[Extracted information]
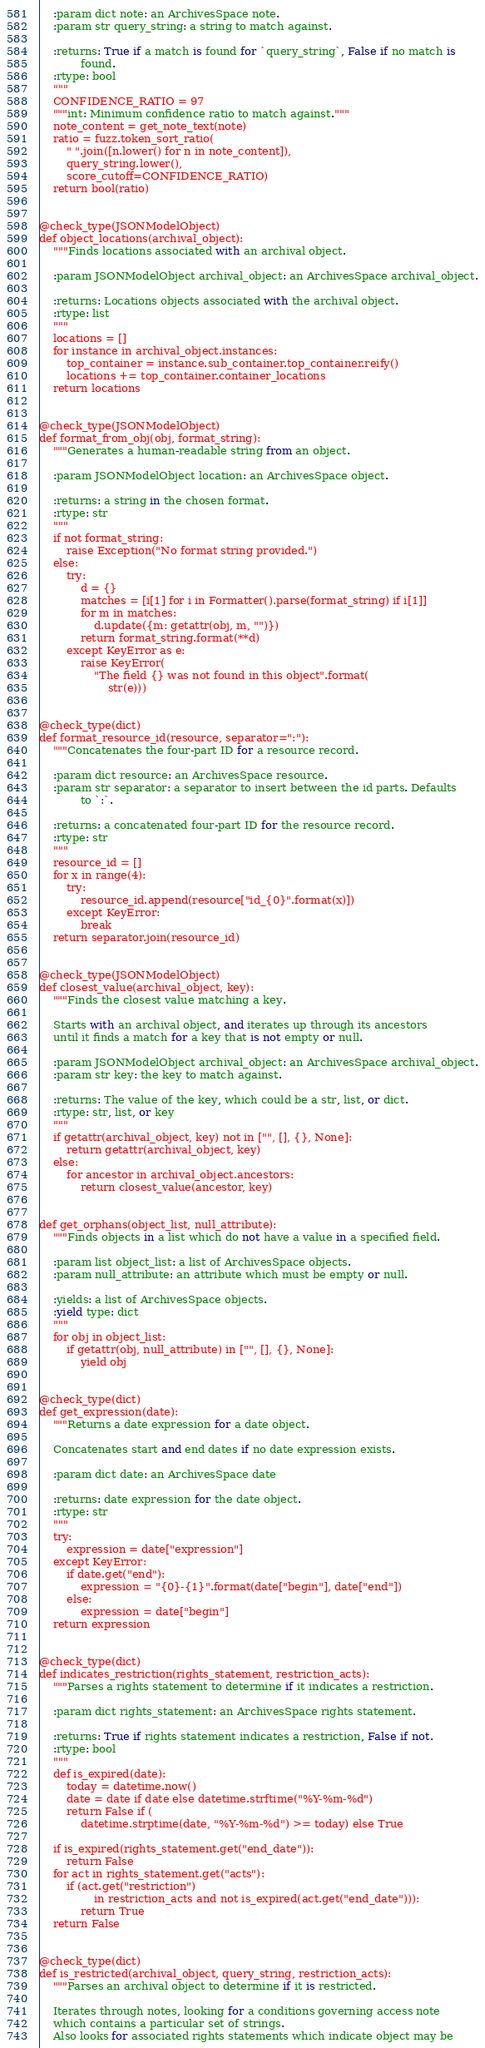<code> <loc_0><loc_0><loc_500><loc_500><_Python_>    :param dict note: an ArchivesSpace note.
    :param str query_string: a string to match against.

    :returns: True if a match is found for `query_string`, False if no match is
            found.
    :rtype: bool
    """
    CONFIDENCE_RATIO = 97
    """int: Minimum confidence ratio to match against."""
    note_content = get_note_text(note)
    ratio = fuzz.token_sort_ratio(
        " ".join([n.lower() for n in note_content]),
        query_string.lower(),
        score_cutoff=CONFIDENCE_RATIO)
    return bool(ratio)


@check_type(JSONModelObject)
def object_locations(archival_object):
    """Finds locations associated with an archival object.

    :param JSONModelObject archival_object: an ArchivesSpace archival_object.

    :returns: Locations objects associated with the archival object.
    :rtype: list
    """
    locations = []
    for instance in archival_object.instances:
        top_container = instance.sub_container.top_container.reify()
        locations += top_container.container_locations
    return locations


@check_type(JSONModelObject)
def format_from_obj(obj, format_string):
    """Generates a human-readable string from an object.

    :param JSONModelObject location: an ArchivesSpace object.

    :returns: a string in the chosen format.
    :rtype: str
    """
    if not format_string:
        raise Exception("No format string provided.")
    else:
        try:
            d = {}
            matches = [i[1] for i in Formatter().parse(format_string) if i[1]]
            for m in matches:
                d.update({m: getattr(obj, m, "")})
            return format_string.format(**d)
        except KeyError as e:
            raise KeyError(
                "The field {} was not found in this object".format(
                    str(e)))


@check_type(dict)
def format_resource_id(resource, separator=":"):
    """Concatenates the four-part ID for a resource record.

    :param dict resource: an ArchivesSpace resource.
    :param str separator: a separator to insert between the id parts. Defaults
            to `:`.

    :returns: a concatenated four-part ID for the resource record.
    :rtype: str
    """
    resource_id = []
    for x in range(4):
        try:
            resource_id.append(resource["id_{0}".format(x)])
        except KeyError:
            break
    return separator.join(resource_id)


@check_type(JSONModelObject)
def closest_value(archival_object, key):
    """Finds the closest value matching a key.

    Starts with an archival object, and iterates up through its ancestors
    until it finds a match for a key that is not empty or null.

    :param JSONModelObject archival_object: an ArchivesSpace archival_object.
    :param str key: the key to match against.

    :returns: The value of the key, which could be a str, list, or dict.
    :rtype: str, list, or key
    """
    if getattr(archival_object, key) not in ["", [], {}, None]:
        return getattr(archival_object, key)
    else:
        for ancestor in archival_object.ancestors:
            return closest_value(ancestor, key)


def get_orphans(object_list, null_attribute):
    """Finds objects in a list which do not have a value in a specified field.

    :param list object_list: a list of ArchivesSpace objects.
    :param null_attribute: an attribute which must be empty or null.

    :yields: a list of ArchivesSpace objects.
    :yield type: dict
    """
    for obj in object_list:
        if getattr(obj, null_attribute) in ["", [], {}, None]:
            yield obj


@check_type(dict)
def get_expression(date):
    """Returns a date expression for a date object.

    Concatenates start and end dates if no date expression exists.

    :param dict date: an ArchivesSpace date

    :returns: date expression for the date object.
    :rtype: str
    """
    try:
        expression = date["expression"]
    except KeyError:
        if date.get("end"):
            expression = "{0}-{1}".format(date["begin"], date["end"])
        else:
            expression = date["begin"]
    return expression


@check_type(dict)
def indicates_restriction(rights_statement, restriction_acts):
    """Parses a rights statement to determine if it indicates a restriction.

    :param dict rights_statement: an ArchivesSpace rights statement.

    :returns: True if rights statement indicates a restriction, False if not.
    :rtype: bool
    """
    def is_expired(date):
        today = datetime.now()
        date = date if date else datetime.strftime("%Y-%m-%d")
        return False if (
            datetime.strptime(date, "%Y-%m-%d") >= today) else True

    if is_expired(rights_statement.get("end_date")):
        return False
    for act in rights_statement.get("acts"):
        if (act.get("restriction")
                in restriction_acts and not is_expired(act.get("end_date"))):
            return True
    return False


@check_type(dict)
def is_restricted(archival_object, query_string, restriction_acts):
    """Parses an archival object to determine if it is restricted.

    Iterates through notes, looking for a conditions governing access note
    which contains a particular set of strings.
    Also looks for associated rights statements which indicate object may be</code> 
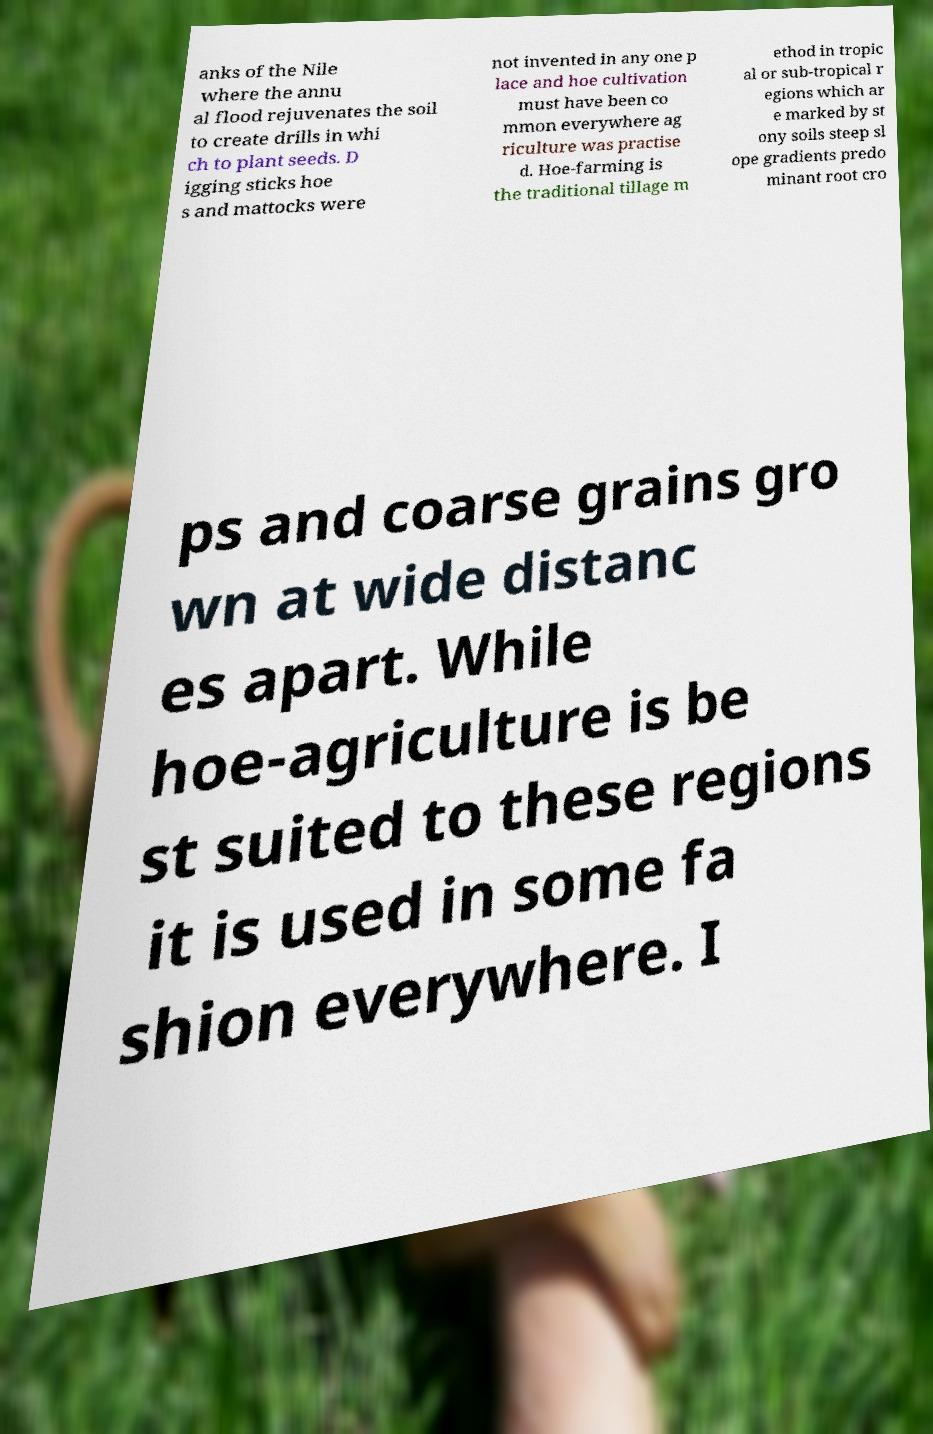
[/Extracted information]
# Work instruction:
Leaving out any images, restate every record word for word.

# Written answer:
<code> <loc_0><loc_0><loc_500><loc_500><_Python_>    :param dict note: an ArchivesSpace note.
    :param str query_string: a string to match against.

    :returns: True if a match is found for `query_string`, False if no match is
            found.
    :rtype: bool
    """
    CONFIDENCE_RATIO = 97
    """int: Minimum confidence ratio to match against."""
    note_content = get_note_text(note)
    ratio = fuzz.token_sort_ratio(
        " ".join([n.lower() for n in note_content]),
        query_string.lower(),
        score_cutoff=CONFIDENCE_RATIO)
    return bool(ratio)


@check_type(JSONModelObject)
def object_locations(archival_object):
    """Finds locations associated with an archival object.

    :param JSONModelObject archival_object: an ArchivesSpace archival_object.

    :returns: Locations objects associated with the archival object.
    :rtype: list
    """
    locations = []
    for instance in archival_object.instances:
        top_container = instance.sub_container.top_container.reify()
        locations += top_container.container_locations
    return locations


@check_type(JSONModelObject)
def format_from_obj(obj, format_string):
    """Generates a human-readable string from an object.

    :param JSONModelObject location: an ArchivesSpace object.

    :returns: a string in the chosen format.
    :rtype: str
    """
    if not format_string:
        raise Exception("No format string provided.")
    else:
        try:
            d = {}
            matches = [i[1] for i in Formatter().parse(format_string) if i[1]]
            for m in matches:
                d.update({m: getattr(obj, m, "")})
            return format_string.format(**d)
        except KeyError as e:
            raise KeyError(
                "The field {} was not found in this object".format(
                    str(e)))


@check_type(dict)
def format_resource_id(resource, separator=":"):
    """Concatenates the four-part ID for a resource record.

    :param dict resource: an ArchivesSpace resource.
    :param str separator: a separator to insert between the id parts. Defaults
            to `:`.

    :returns: a concatenated four-part ID for the resource record.
    :rtype: str
    """
    resource_id = []
    for x in range(4):
        try:
            resource_id.append(resource["id_{0}".format(x)])
        except KeyError:
            break
    return separator.join(resource_id)


@check_type(JSONModelObject)
def closest_value(archival_object, key):
    """Finds the closest value matching a key.

    Starts with an archival object, and iterates up through its ancestors
    until it finds a match for a key that is not empty or null.

    :param JSONModelObject archival_object: an ArchivesSpace archival_object.
    :param str key: the key to match against.

    :returns: The value of the key, which could be a str, list, or dict.
    :rtype: str, list, or key
    """
    if getattr(archival_object, key) not in ["", [], {}, None]:
        return getattr(archival_object, key)
    else:
        for ancestor in archival_object.ancestors:
            return closest_value(ancestor, key)


def get_orphans(object_list, null_attribute):
    """Finds objects in a list which do not have a value in a specified field.

    :param list object_list: a list of ArchivesSpace objects.
    :param null_attribute: an attribute which must be empty or null.

    :yields: a list of ArchivesSpace objects.
    :yield type: dict
    """
    for obj in object_list:
        if getattr(obj, null_attribute) in ["", [], {}, None]:
            yield obj


@check_type(dict)
def get_expression(date):
    """Returns a date expression for a date object.

    Concatenates start and end dates if no date expression exists.

    :param dict date: an ArchivesSpace date

    :returns: date expression for the date object.
    :rtype: str
    """
    try:
        expression = date["expression"]
    except KeyError:
        if date.get("end"):
            expression = "{0}-{1}".format(date["begin"], date["end"])
        else:
            expression = date["begin"]
    return expression


@check_type(dict)
def indicates_restriction(rights_statement, restriction_acts):
    """Parses a rights statement to determine if it indicates a restriction.

    :param dict rights_statement: an ArchivesSpace rights statement.

    :returns: True if rights statement indicates a restriction, False if not.
    :rtype: bool
    """
    def is_expired(date):
        today = datetime.now()
        date = date if date else datetime.strftime("%Y-%m-%d")
        return False if (
            datetime.strptime(date, "%Y-%m-%d") >= today) else True

    if is_expired(rights_statement.get("end_date")):
        return False
    for act in rights_statement.get("acts"):
        if (act.get("restriction")
                in restriction_acts and not is_expired(act.get("end_date"))):
            return True
    return False


@check_type(dict)
def is_restricted(archival_object, query_string, restriction_acts):
    """Parses an archival object to determine if it is restricted.

    Iterates through notes, looking for a conditions governing access note
    which contains a particular set of strings.
    Also looks for associated rights statements which indicate object may be</code> 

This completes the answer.